Disconnect all power at the circuit breaker before working on motor electrical components. Use a voltage tester to verify power is off—never rely solely on breaker position or switches.

Discharge the old capacitor completely before touching any terminals. Capacitors can retain dangerous charge for hours or even days after power removal.

Photograph wire connections before disconnecting the old capacitor if you’re uncertain about the configuration. Incorrect wiring can damage the motor or create electrical hazards. Most capacitors have clearly marked terminals—common, start, and sometimes run—that must connect correctly.

Secure the new capacitor mounting bracket firmly to prevent vibration damage. Loose mounting allows the capacitor to shake during operation, potentially breaking connections or cracking the case.

Route wires away from hot motor surfaces and moving parts. Use appropriate wire ties to secure connections and maintain proper clearances. Ensure no bare wires can contact the motor frame or other grounded surfaces.

Compatibility and Application

This 20UF capacitor is engineered for Aquamite 0.75hp pumps and Supastream 0.75hp/1.00hp pumps equipped with 71 frame motors. The higher capacitance compared to smaller motor capacitors reflects the increased power requirements and starting torque needs of these larger motors.
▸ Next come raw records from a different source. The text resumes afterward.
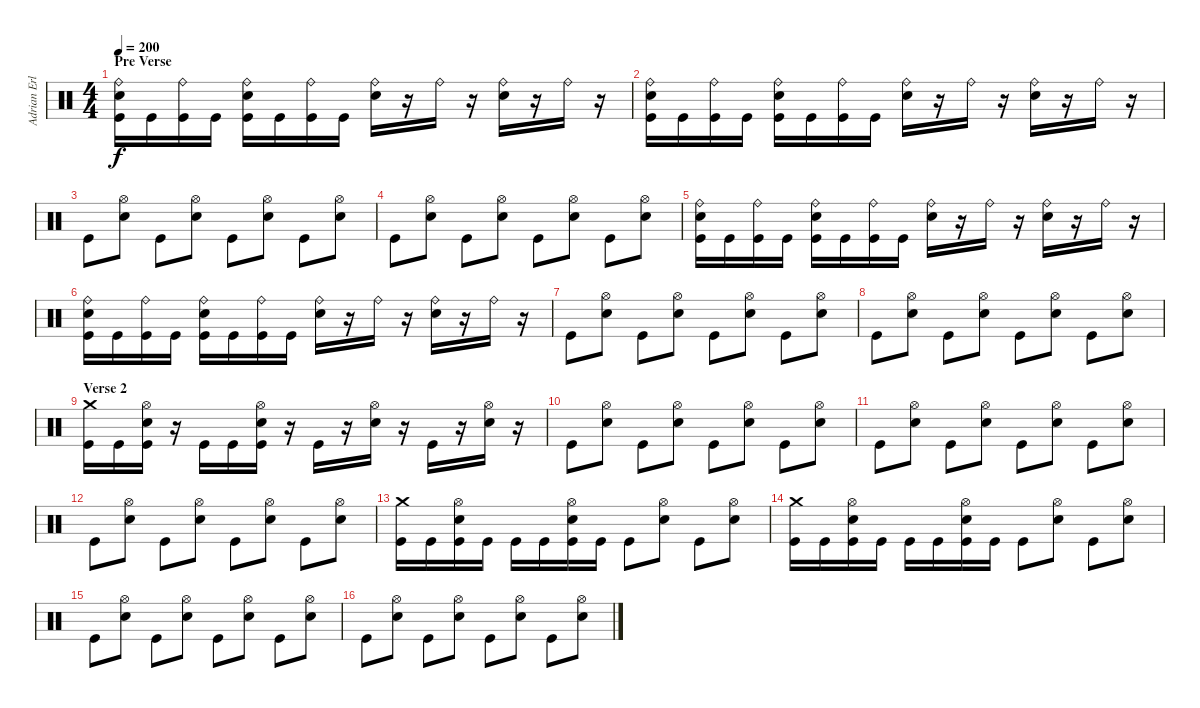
\track ("Adrian Erlandsson" "Adrian Erl") {instrument percussion}
\staff {score}
\articulation defaults
\ts (4 4)
\section ("" "Pre Verse")
\tempo 200
\clef neutral
\ks c
("Ride (bell)" "Electric Snare (hit)" "Kick (hit)").16{dy f} "Kick (hit)".16 ("Ride (bell)" "Kick (hit)").16 "Kick (hit)".16 ("Ride (bell)" "Electric Snare (hit)" "Kick (hit)").16 "Kick (hit)".16 ("Ride (bell)" "Kick (hit)").16 "Kick (hit)".16 ("Ride (bell)" "Electric Snare (hit)").16 r.16 "Ride (bell)".16 r.16 ("Ride (bell)" "Electric Snare (hit)").16 r.16 "Ride (bell)".16 r.16 |
("Ride (bell)" "Electric Snare (hit)" "Kick (hit)").16 "Kick (hit)".16 ("Ride (bell)" "Kick (hit)").16 "Kick (hit)".16 ("Ride (bell)" "Electric Snare (hit)" "Kick (hit)").16 "Kick (hit)".16 ("Ride (bell)" "Kick (hit)").16 "Kick (hit)".16 ("Ride (bell)" "Electric Snare (hit)").16 r.16 "Ride (bell)".16 r.16 ("Ride (bell)" "Electric Snare (hit)").16 r.16 "Ride (bell)".16 r.16 |
"Kick (hit)".8 ("Hi-Hat (open)" "Electric Snare (hit)").8 "Kick (hit)".8 ("Hi-Hat (open)" "Electric Snare (hit)").8 "Kick (hit)".8 ("Hi-Hat (open)" "Electric Snare (hit)").8 "Kick (hit)".8 ("Hi-Hat (open)" "Electric Snare (hit)").8 |
"Kick (hit)".8 ("Hi-Hat (open)" "Electric Snare (hit)").8 "Kick (hit)".8 ("Hi-Hat (open)" "Electric Snare (hit)").8 "Kick (hit)".8 ("Hi-Hat (open)" "Electric Snare (hit)").8 "Kick (hit)".8 ("Hi-Hat (open)" "Electric Snare (hit)").8 |
("Ride (bell)" "Electric Snare (hit)" "Kick (hit)").16 "Kick (hit)".16 ("Ride (bell)" "Kick (hit)").16 "Kick (hit)".16 ("Ride (bell)" "Electric Snare (hit)" "Kick (hit)").16 "Kick (hit)".16 ("Ride (bell)" "Kick (hit)").16 "Kick (hit)".16 ("Ride (bell)" "Electric Snare (hit)").16 r.16 "Ride (bell)".16 r.16 ("Ride (bell)" "Electric Snare (hit)").16 r.16 "Ride (bell)".16 r.16 |
("Ride (bell)" "Electric Snare (hit)" "Kick (hit)").16 "Kick (hit)".16 ("Ride (bell)" "Kick (hit)").16 "Kick (hit)".16 ("Ride (bell)" "Electric Snare (hit)" "Kick (hit)").16 "Kick (hit)".16 ("Ride (bell)" "Kick (hit)").16 "Kick (hit)".16 ("Ride (bell)" "Electric Snare (hit)").16 r.16 "Ride (bell)".16 r.16 ("Ride (bell)" "Electric Snare (hit)").16 r.16 "Ride (bell)".16 r.16 |
"Kick (hit)".8 ("Hi-Hat (open)" "Electric Snare (hit)").8 "Kick (hit)".8 ("Hi-Hat (open)" "Electric Snare (hit)").8 "Kick (hit)".8 ("Hi-Hat (open)" "Electric Snare (hit)").8 "Kick (hit)".8 ("Hi-Hat (open)" "Electric Snare (hit)").8 |
"Kick (hit)".8 ("Hi-Hat (open)" "Electric Snare (hit)").8 "Kick (hit)".8 ("Hi-Hat (open)" "Electric Snare (hit)").8 "Kick (hit)".8 ("Hi-Hat (open)" "Electric Snare (hit)").8 "Kick (hit)".8 ("Hi-Hat (open)" "Electric Snare (hit)").8 |
\section ("" "Verse 2")
("Crash medium (hit)" "Kick (hit)").16 "Kick (hit)".16 ("Hi-Hat (open)" "Electric Snare (hit)" "Kick (hit)").16 r.16 "Kick (hit)".16 "Kick (hit)".16 ("Hi-Hat (open)" "Electric Snare (hit)" "Kick (hit)").16 r.16 "Kick (hit)".16 r.16 ("Hi-Hat (open)" "Electric Snare (hit)").16 r.16 "Kick (hit)".16 r.16 ("Hi-Hat (open)" "Electric Snare (hit)").16 r.16 |
"Kick (hit)".8 ("Hi-Hat (open)" "Electric Snare (hit)").8 "Kick (hit)".8 ("Hi-Hat (open)" "Electric Snare (hit)").8 "Kick (hit)".8 ("Hi-Hat (open)" "Electric Snare (hit)").8 "Kick (hit)".8 ("Hi-Hat (open)" "Electric Snare (hit)").8 |
"Kick (hit)".8 ("Hi-Hat (open)" "Electric Snare (hit)").8 "Kick (hit)".8 ("Hi-Hat (open)" "Electric Snare (hit)").8 "Kick (hit)".8 ("Hi-Hat (open)" "Electric Snare (hit)").8 "Kick (hit)".8 ("Hi-Hat (open)" "Electric Snare (hit)").8 |
"Kick (hit)".8 ("Hi-Hat (open)" "Electric Snare (hit)").8 "Kick (hit)".8 ("Hi-Hat (open)" "Electric Snare (hit)").8 "Kick (hit)".8 ("Hi-Hat (open)" "Electric Snare (hit)").8 "Kick (hit)".8 ("Hi-Hat (open)" "Electric Snare (hit)").8 |
("Crash medium (hit)" "Kick (hit)").16 "Kick (hit)".16 ("Hi-Hat (open)" "Electric Snare (hit)" "Kick (hit)").16 "Kick (hit)".16 "Kick (hit)".16 "Kick (hit)".16 ("Hi-Hat (open)" "Electric Snare (hit)" "Kick (hit)").16 "Kick (hit)".16 "Kick (hit)".8 ("Hi-Hat (open)" "Electric Snare (hit)").8 "Kick (hit)".8 ("Hi-Hat (open)" "Electric Snare (hit)").8 |
("Crash medium (hit)" "Kick (hit)").16 "Kick (hit)".16 ("Hi-Hat (open)" "Electric Snare (hit)" "Kick (hit)").16 "Kick (hit)".16 "Kick (hit)".16 "Kick (hit)".16 ("Hi-Hat (open)" "Electric Snare (hit)" "Kick (hit)").16 "Kick (hit)".16 "Kick (hit)".8 ("Hi-Hat (open)" "Electric Snare (hit)").8 "Kick (hit)".8 ("Hi-Hat (open)" "Electric Snare (hit)").8 |
"Kick (hit)".8 ("Hi-Hat (open)" "Electric Snare (hit)").8 "Kick (hit)".8 ("Hi-Hat (open)" "Electric Snare (hit)").8 "Kick (hit)".8 ("Hi-Hat (open)" "Electric Snare (hit)").8 "Kick (hit)".8 ("Hi-Hat (open)" "Electric Snare (hit)").8 |
"Kick (hit)".8 ("Hi-Hat (open)" "Electric Snare (hit)").8 "Kick (hit)".8 ("Hi-Hat (open)" "Electric Snare (hit)").8 "Kick (hit)".8 ("Hi-Hat (open)" "Electric Snare (hit)").8 "Kick (hit)".8 ("Hi-Hat (open)" "Electric Snare (hit)").8
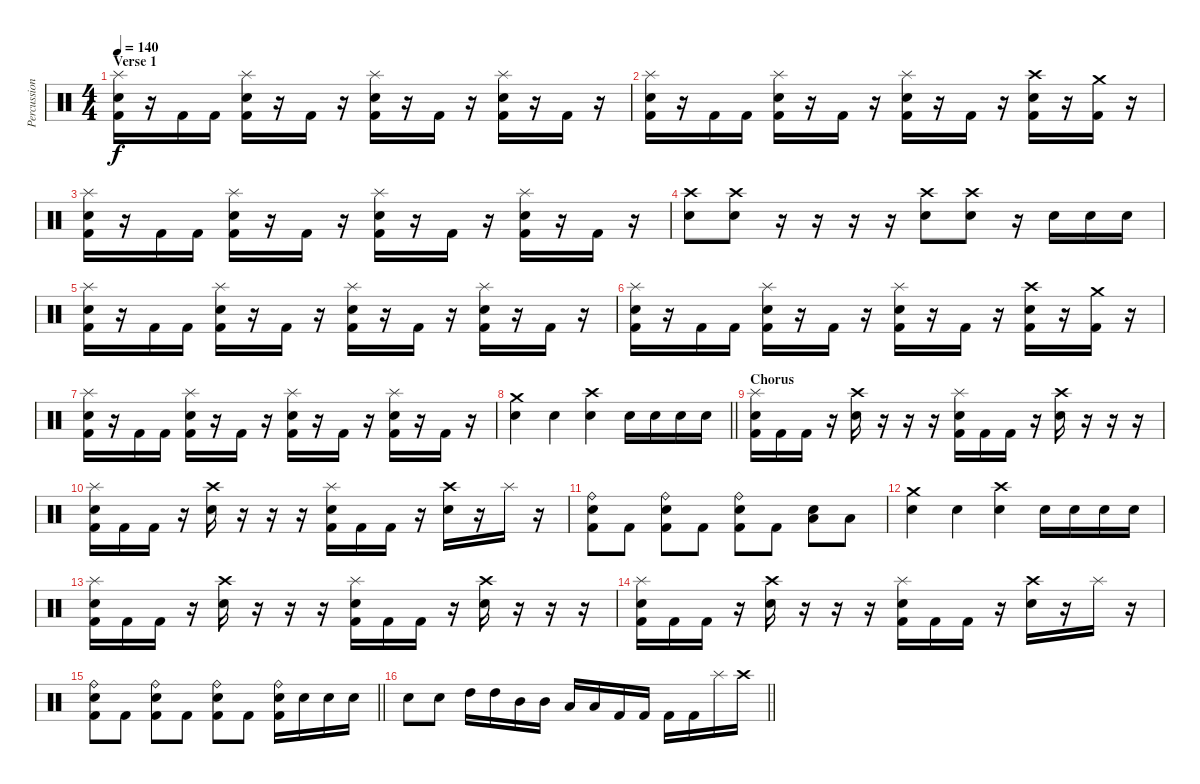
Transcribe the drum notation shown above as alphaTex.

\track ("Percussion" "Percussion") {instrument percussion}
\staff {score}
\articulation defaults
\ts (4 4)
\section ("" "Verse 1")
\tempo 140
\clef neutral
\ks c
("Splash (hit)" "Snare (hit) 2" "Kick (hit) 2").16{dy f} r.16 "Kick (hit) 2".16 "Kick (hit) 2".16 ("Splash (hit)" "Snare (hit) 2" "Kick (hit) 2").16 r.16 "Kick (hit) 2".16 r.16 ("Splash (hit)" "Snare (hit) 2" "Kick (hit) 2").16 r.16 "Kick (hit) 2".16 r.16 ("Splash (hit)" "Snare (hit) 2" "Kick (hit) 2").16 r.16 "Kick (hit) 2".16 r.16 |
("Splash (hit)" "Snare (hit) 2" "Kick (hit) 2").16 r.16 "Kick (hit) 2".16 "Kick (hit) 2".16 ("Splash (hit)" "Snare (hit) 2" "Kick (hit) 2").16 r.16 "Kick (hit) 2".16 r.16 ("Splash (hit)" "Snare (hit) 2" "Kick (hit) 2").16 r.16 "Kick (hit) 2".16 r.16 ("Crash high (hit)" "Snare (hit) 2" "Kick (hit) 2").16 r.16 ("Crash medium (hit)" "Kick (hit) 2").16 r.16 |
("Splash (hit)" "Snare (hit) 2" "Kick (hit) 2").16 r.16 "Kick (hit) 2".16 "Kick (hit) 2".16 ("Splash (hit)" "Snare (hit) 2" "Kick (hit) 2").16 r.16 "Kick (hit) 2".16 r.16 ("Splash (hit)" "Snare (hit) 2" "Kick (hit) 2").16 r.16 "Kick (hit) 2".16 r.16 ("Splash (hit)" "Snare (hit) 2" "Kick (hit) 2").16 r.16 "Kick (hit) 2".16 r.16 |
("Crash high (hit)" "Snare (hit) 2").8 ("Crash high (hit)" "Snare (hit) 2").8 r.16 r.16 r.16 r.16 ("Crash high (hit)" "Snare (hit) 2").8 ("Crash high (hit)" "Snare (hit) 2").8 r.16 "Snare (hit) 2".16 "Snare (hit) 2".16 "Snare (hit) 2".16 |
("Splash (hit)" "Snare (hit) 2" "Kick (hit) 2").16 r.16 "Kick (hit) 2".16 "Kick (hit) 2".16 ("Splash (hit)" "Snare (hit) 2" "Kick (hit) 2").16 r.16 "Kick (hit) 2".16 r.16 ("Splash (hit)" "Snare (hit) 2" "Kick (hit) 2").16 r.16 "Kick (hit) 2".16 r.16 ("Splash (hit)" "Snare (hit) 2" "Kick (hit) 2").16 r.16 "Kick (hit) 2".16 r.16 |
("Splash (hit)" "Snare (hit) 2" "Kick (hit) 2").16 r.16 "Kick (hit) 2".16 "Kick (hit) 2".16 ("Splash (hit)" "Snare (hit) 2" "Kick (hit) 2").16 r.16 "Kick (hit) 2".16 r.16 ("Splash (hit)" "Snare (hit) 2" "Kick (hit) 2").16 r.16 "Kick (hit) 2".16 r.16 ("Crash high (hit)" "Snare (hit) 2" "Kick (hit) 2").16 r.16 ("Crash medium (hit)" "Kick (hit) 2").16 r.16 |
("Splash (hit)" "Snare (hit) 2" "Kick (hit) 2").16 r.16 "Kick (hit) 2".16 "Kick (hit) 2".16 ("Splash (hit)" "Snare (hit) 2" "Kick (hit) 2").16 r.16 "Kick (hit) 2".16 r.16 ("Splash (hit)" "Snare (hit) 2" "Kick (hit) 2").16 r.16 "Kick (hit) 2".16 r.16 ("Splash (hit)" "Snare (hit) 2" "Kick (hit) 2").16 r.16 "Kick (hit) 2".16 r.16 |
\barLineRight lightlight
("Crash medium (hit)" "Snare (hit) 2").4 "Snare (hit) 2".4 ("Crash high (hit)" "Snare (hit) 2").4 "Snare (hit) 2".16 "Snare (hit) 2".16 "Snare (hit) 2".16 "Snare (hit) 2".16 |
\section ("" "Chorus")
("Splash (hit)" "Snare (hit) 2" "Kick (hit) 2").16 "Kick (hit) 2".16 "Kick (hit) 2".16 r.16 ("Crash high (hit)" "Snare (hit) 2").16 r.16 r.16 r.16 ("Splash (hit)" "Snare (hit) 2" "Kick (hit) 2").16 "Kick (hit) 2".16 "Kick (hit) 2".16 r.16 ("Crash high (hit)" "Snare (hit) 2").16 r.16 r.16 r.16 |
("Splash (hit)" "Snare (hit) 2" "Kick (hit) 2").16 "Kick (hit) 2".16 "Kick (hit) 2".16 r.16 ("Crash high (hit)" "Snare (hit) 2").16 r.16 r.16 r.16 ("Splash (hit)" "Snare (hit) 2" "Kick (hit) 2").16 "Kick (hit) 2".16 "Kick (hit) 2".16 r.16 ("Crash high (hit)" "Snare (hit) 2").16 r.16 "Splash (hit)".16 r.16 |
("Ride (bell)" "Snare (hit) 2" "Kick (hit) 2").8 "Kick (hit) 2".8 ("Ride (bell)" "Snare (hit) 2" "Kick (hit) 2").8 "Kick (hit) 2".8 ("Ride (bell)" "Snare (hit) 2" "Kick (hit) 2").8 "Kick (hit) 2".8 ("Low Tom (hit)" "Snare (hit) 2").8 "Low Floor Tom (hit)".8 |
("Crash medium (hit)" "Snare (hit) 2").4 "Snare (hit) 2".4 ("Crash high (hit)" "Snare (hit) 2").4 "Snare (hit) 2".16 "Snare (hit) 2".16 "Snare (hit) 2".16 "Snare (hit) 2".16 |
("Splash (hit)" "Snare (hit) 2" "Kick (hit) 2").16 "Kick (hit) 2".16 "Kick (hit) 2".16 r.16 ("Crash high (hit)" "Snare (hit) 2").16 r.16 r.16 r.16 ("Splash (hit)" "Snare (hit) 2" "Kick (hit) 2").16 "Kick (hit) 2".16 "Kick (hit) 2".16 r.16 ("Crash high (hit)" "Snare (hit) 2").16 r.16 r.16 r.16 |
("Splash (hit)" "Snare (hit) 2" "Kick (hit) 2").16 "Kick (hit) 2".16 "Kick (hit) 2".16 r.16 ("Crash high (hit)" "Snare (hit) 2").16 r.16 r.16 r.16 ("Splash (hit)" "Snare (hit) 2" "Kick (hit) 2").16 "Kick (hit) 2".16 "Kick (hit) 2".16 r.16 ("Crash high (hit)" "Snare (hit) 2").16 r.16 "Splash (hit)".16 r.16 |
\barLineRight lightlight
("Ride (bell)" "Snare (hit) 2" "Kick (hit) 2").8 "Kick (hit) 2".8 ("Ride (bell)" "Snare (hit) 2" "Kick (hit) 2").8 "Kick (hit) 2".8 ("Ride (bell)" "Snare (hit) 2" "Kick (hit) 2").8 "Kick (hit) 2".8 ("Ride (bell)" "Snare (hit) 2" "Kick (hit) 2").16 "Snare (hit) 2".16 "Snare (hit) 2".16 "Snare (hit) 2".16 |
\barLineRight lightlight "Snare (hit) 2".8 "Snare (hit) 2".8 "High Tom (hit)".16 "High Tom (hit)".16 "Mid Tom (hit)".16 "Mid Tom (hit)".16 "Low Tom (hit)".16 "Low Tom (hit)".16 "Kick (hit) 2".16 "Kick (hit) 2".16 "Kick (hit) 2".16 "Kick (hit) 2".16 "Splash (hit)".16 "Crash high (hit)".16

These mid-range pumps are extremely popular in residential pool installations, providing the flow rates needed for effective filtration in medium to large pools. The capacitor is consequently a frequently needed replacement component.

Product Specifications

Specification	Details
Product Type	Motor Run Capacitor
Compatibility	Aquamite 0.75hp; Supastream 0.75hp/1.00hp (71 frame motor)
Capacitance	20 Microfarads (UF/μF)
Function	Enables motor starting and improves running efficiency
Application	Single-phase pump motors
Motor Frame	71 frame motors
Mounting	External motor housing mount
Weight	0.09 kg
Dimensions (L × W × H)	0.1 m × 0.15 m × 0.15 m
Volume	0.002 cubic meters
SKU	6497240479
Category	Pool & Spa Spares

Preventive Maintenance

Inspect capacitors during routine pump maintenance. Look for early warning signs like slight bulging, minor corrosion, or discoloration that indicate developing problems. Replacing a weakening capacitor before complete failure prevents inconvenient mid-season breakdowns.

Maintain good ventilation around the motor to reduce operating temperatures. Cooler motors extend capacitor life significantly. Keep motor cooling fins clean and ensure adequate clearance around the pump for airflow.

Consider proactive capacitor replacement every 5-7 years regardless of apparent condition. This preventive approach is more convenient than dealing with unexpected failures during peak pool season when replacement parts may be harder to source.

Protect outdoor pumps from excessive weather exposure. While pump motors are rated for outdoor service, minimizing direct exposure to rain, snow, and intense sunlight extends component life. Simple pump covers or shelters provide effective protection.

After electrical storms or significant power disturbances, test pump operation. Surge damage may weaken capacitors without causing immediate failure, but the weakened component will fail soon afterward. Early detection through testing allows replacement on your schedule rather than during an emergency.

This essential electrical component ensures reliable motor starting and efficient operation, making it a critical spare part for maintaining uninterrupted pool circulation throughout the swimming season.